*** Record extracts

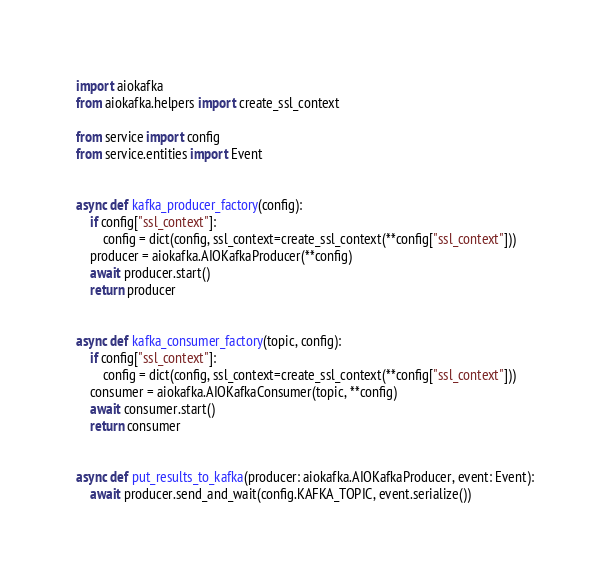<code> <loc_0><loc_0><loc_500><loc_500><_Python_>import aiokafka
from aiokafka.helpers import create_ssl_context

from service import config
from service.entities import Event


async def kafka_producer_factory(config):
    if config["ssl_context"]:
        config = dict(config, ssl_context=create_ssl_context(**config["ssl_context"]))
    producer = aiokafka.AIOKafkaProducer(**config)
    await producer.start()
    return producer


async def kafka_consumer_factory(topic, config):
    if config["ssl_context"]:
        config = dict(config, ssl_context=create_ssl_context(**config["ssl_context"]))
    consumer = aiokafka.AIOKafkaConsumer(topic, **config)
    await consumer.start()
    return consumer


async def put_results_to_kafka(producer: aiokafka.AIOKafkaProducer, event: Event):
    await producer.send_and_wait(config.KAFKA_TOPIC, event.serialize())
</code> 
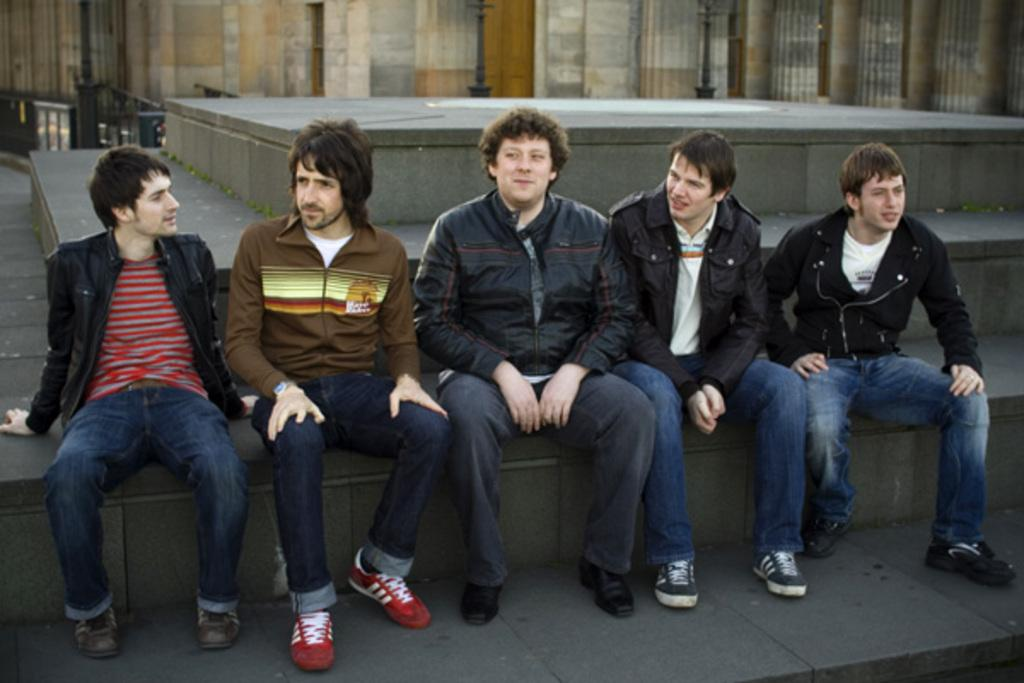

******

* [Description of the task] Output the records above exactly as they are, leaving out the pictures.

* [Output]
<code> <loc_0><loc_0><loc_500><loc_500><_Python_>import aiokafka
from aiokafka.helpers import create_ssl_context

from service import config
from service.entities import Event


async def kafka_producer_factory(config):
    if config["ssl_context"]:
        config = dict(config, ssl_context=create_ssl_context(**config["ssl_context"]))
    producer = aiokafka.AIOKafkaProducer(**config)
    await producer.start()
    return producer


async def kafka_consumer_factory(topic, config):
    if config["ssl_context"]:
        config = dict(config, ssl_context=create_ssl_context(**config["ssl_context"]))
    consumer = aiokafka.AIOKafkaConsumer(topic, **config)
    await consumer.start()
    return consumer


async def put_results_to_kafka(producer: aiokafka.AIOKafkaProducer, event: Event):
    await producer.send_and_wait(config.KAFKA_TOPIC, event.serialize())
</code> 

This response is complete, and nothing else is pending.